(87b) Determination of Diesel Properties through Comprehensive Multi-Dimensional GC×GC and SFC-TwinGC×GC
AIChE Spring Meeting and Global Congress on Process Safety
2009 Spring Meeting & 5th Global Congress on Process Safety
12th Topical on Refinery Processing
Advances in Hydroprocessing and FCC
Wednesday, April 29, 2009 - 9:00am to 9:30am
Refining processes produce varieties of petroleum streams which have to be characterized in order to evaluate their quality, to monitor the process or to ensure that the products meet the required specifications. For middle distillates, global properties (density, refractive index) are thus routinely measured in refining products.
The cetane number (CN), which characterizes the combustion behaviour of middle distillates in diesel engines, is one of the most stringent specifications for the European market (EN 590). The reference method (ASTM D613), which consists in the measurement of the fuel auto-ignition delay, is time consuming and requires a large amount of sample (ca. 1L).
Several predictive models for cetane number have been developed based on correlations with fuel global properties (density, simulated distillation). The main drawback of these global models is the lack of explicit link between the molecular composition of fuels and the cetane index which can be explained by the poor separation power of conventional analytical techniques.
Comprehensive two-dimensional gas chromatography (GC×GC) enables within one single injection the characterisation of diesel components by families (paraffins, naphthenes, mono-, di- and tri-aromatics) and within each class of components by groups of isomers. The integration of 2D-Chromatograms by means of a dedicated software (2DChromTM, developed by IFP and commercialised by Thermo Scientific) yielded approximately 150 groups of compounds. An average cetane number was then attributed to each group, based on experimental cetane numbers of model compounds obtained from literature. A linear regression was carried out in order to optimize this cetane number for each group of compounds taking into account chemical constraints (cetane number must be positive, normal paraffins have greater cetane numbers than iso-paraffins...) The cetane number of each diesel could thus be obtained from the molecular composition provided by GC×GC analysis, using a simple linear correlation. For most of the diesels investigated, excellent agreement was reached between the cetane numbers calculated from GC×GC and the reference engine values, which validates the strategy followed.

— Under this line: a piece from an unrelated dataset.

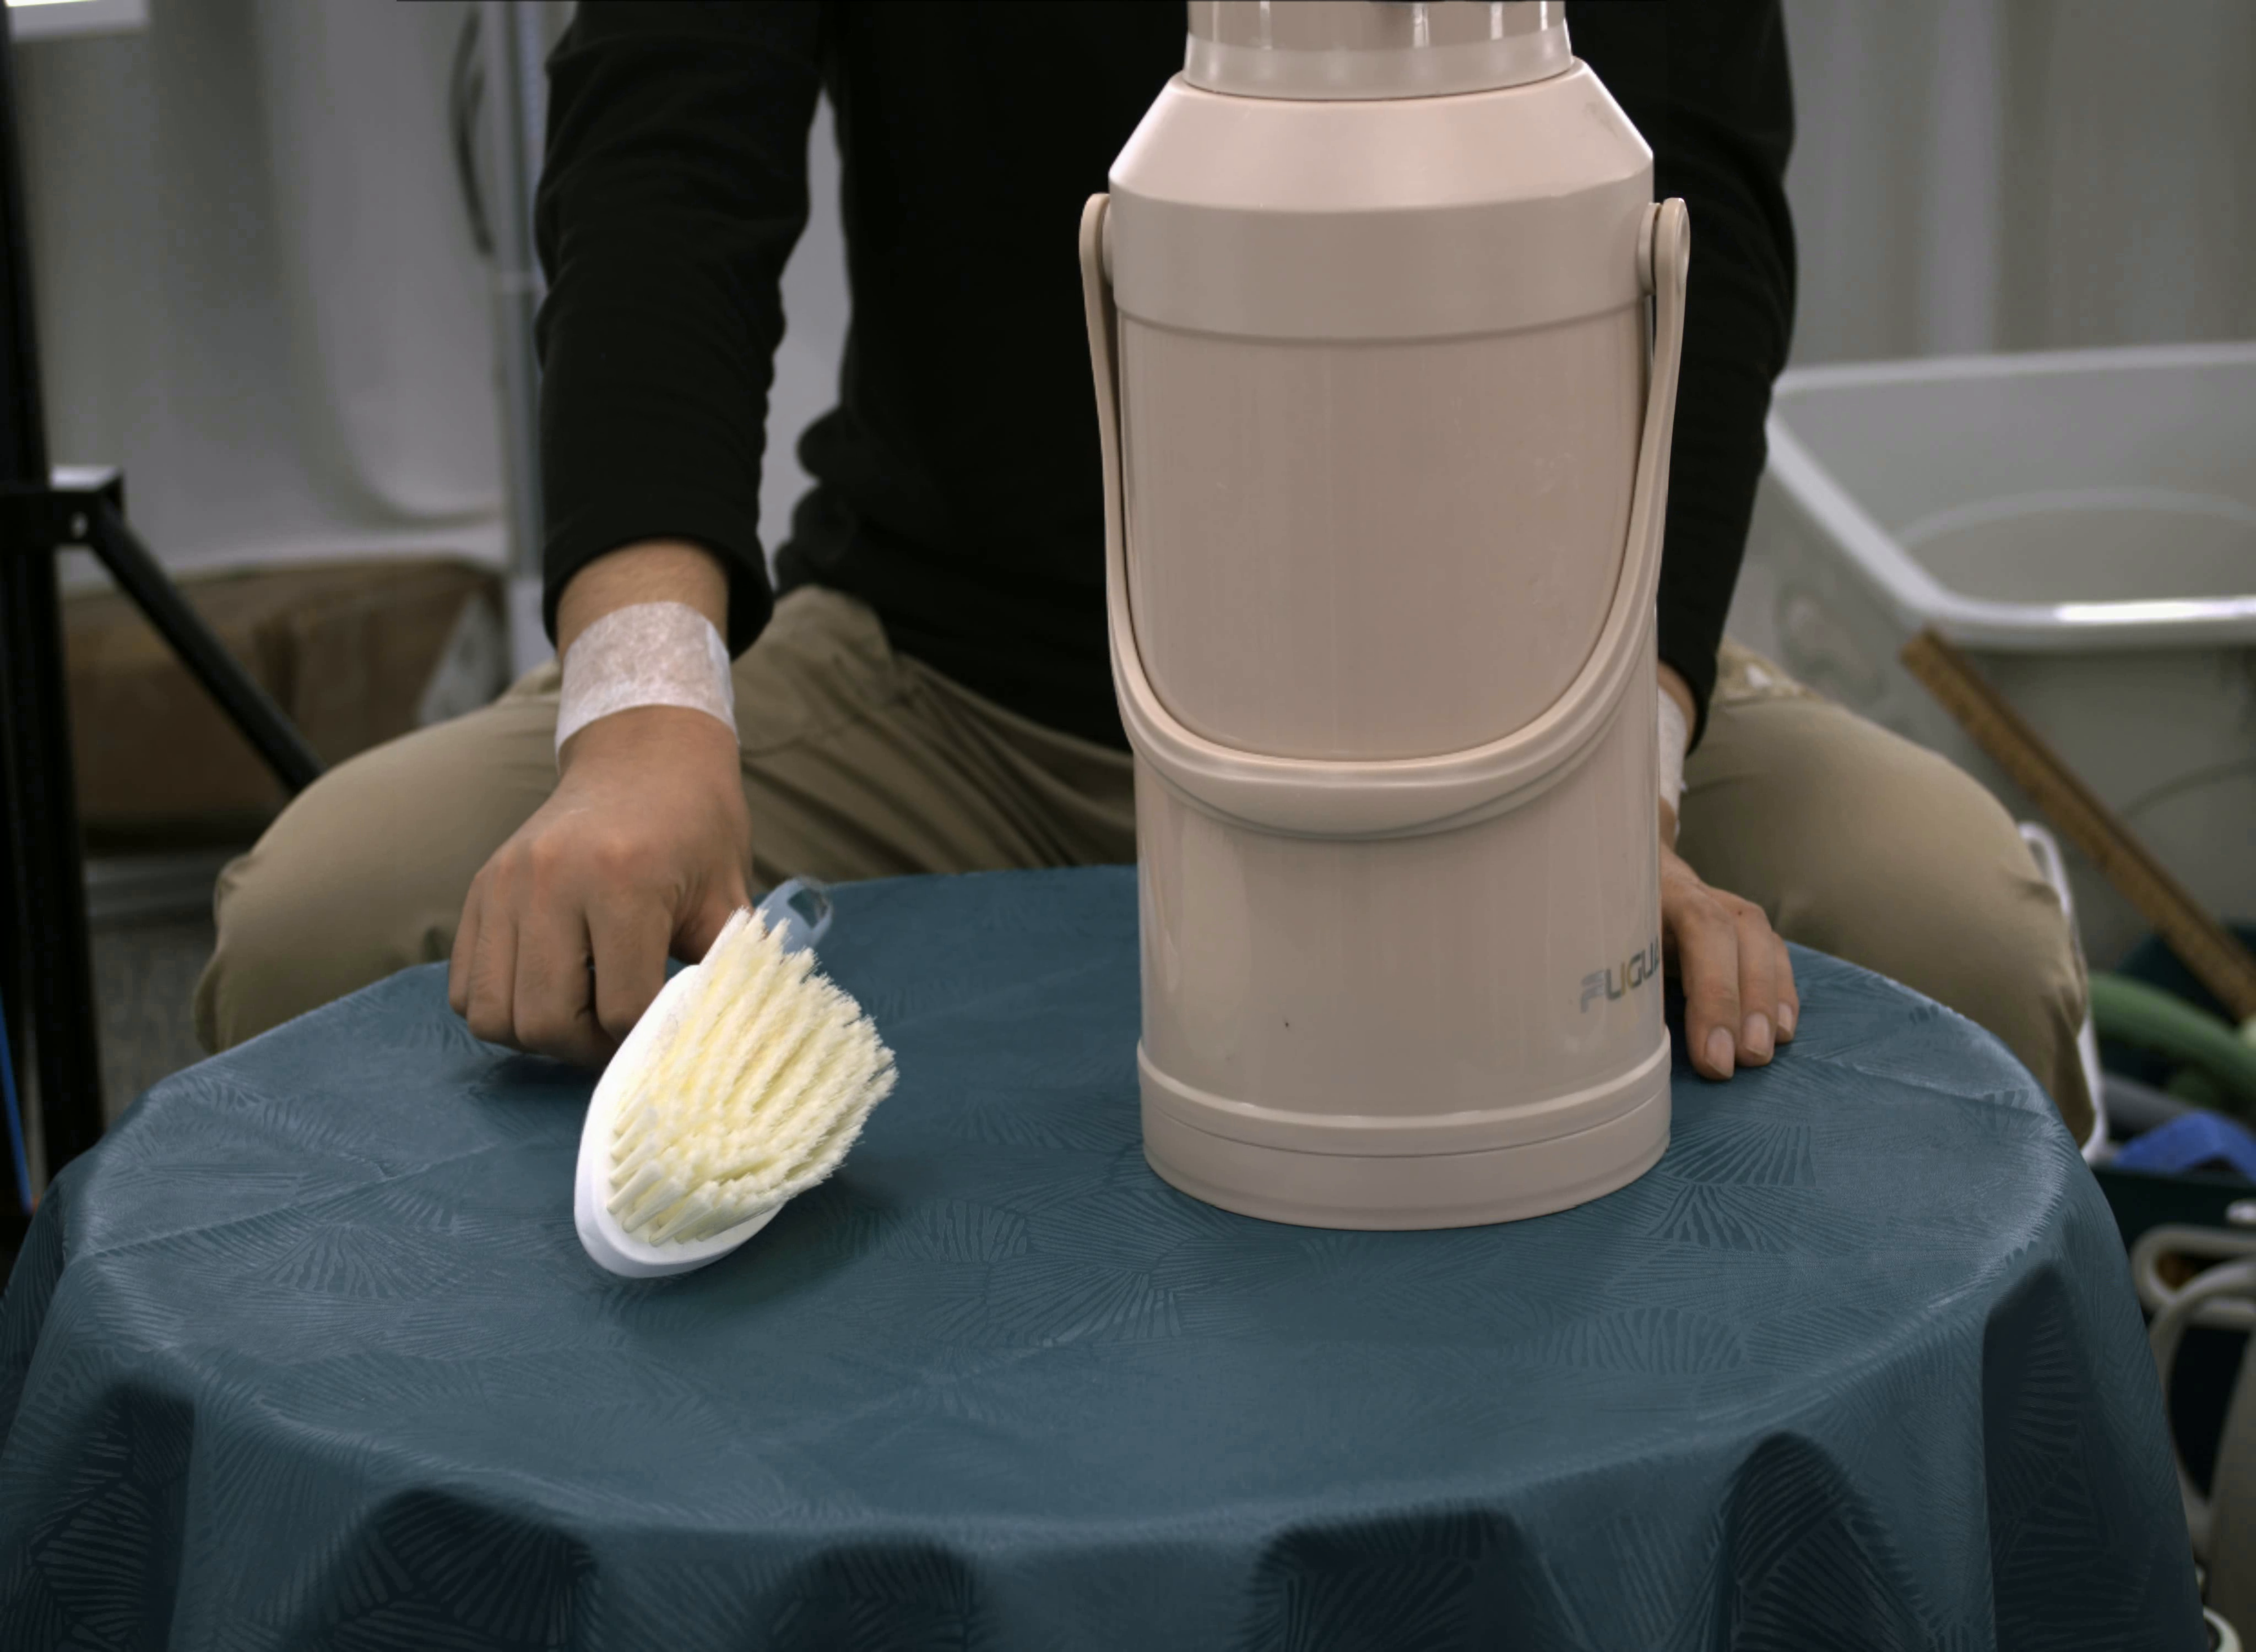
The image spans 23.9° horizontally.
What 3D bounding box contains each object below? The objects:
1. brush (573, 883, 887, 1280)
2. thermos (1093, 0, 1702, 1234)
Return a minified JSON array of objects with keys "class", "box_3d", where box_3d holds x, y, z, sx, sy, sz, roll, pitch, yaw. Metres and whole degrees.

However, significant differences were observed for diesels enriched in polynaphthenes (3- and 4-ring naphthenes) and olefins. These differences can be attributed to an incomplete separation in GC×GC, due to co-elutions between polynaphthenes/mono-aromatics on one hand, and olefins/naphthenes on the other hand. To solve this problem, the analysis of such diesels was performed using Supercritical Fluid Chromatography (SFC) hyphenated on-line to GC×GC. Using this powerful technique, saturated and unsaturated compounds were separated and recovered in two different fractions, each of which could be analysed on-line by GC×GC. Therefore, polynaphthenes and olefins could be quantified by families (3- and 4-ring naphthenes, n-, iso and cyclo-olefins) and within each class of components by groups of isomers. A cetane number was attributed to each group following the same strategy as described for GC×GC. The cetane index obtained from SFC-twinGC×GC analysis of these diesels was found to be in excellent agreement with the engine ASTM method. Therefore, SFC hyphenated on-line to GC×GC enables to predict the cetane number of olefinic and naphthenic diesels, unlike single GC×GC.
In conclusion, a simple composition-based model was successfully developed for predicting the cetane number of diesel fuels. Due to the explicit link between the cetane number and the detailed composition obtained from GC×GC or SFC-twinGC×GC, cetane numbers can also be estimated for narrow cuts of diesel samples. This is very useful for blending studies.
To our knowledge, this is the first cetane number predictive model based on the molecular composition of middle distillates obtained through a single analysis. This strategy is currently being applied to the prediction of various diesel fuel properties (aromatic carbon content, cold flow properties...).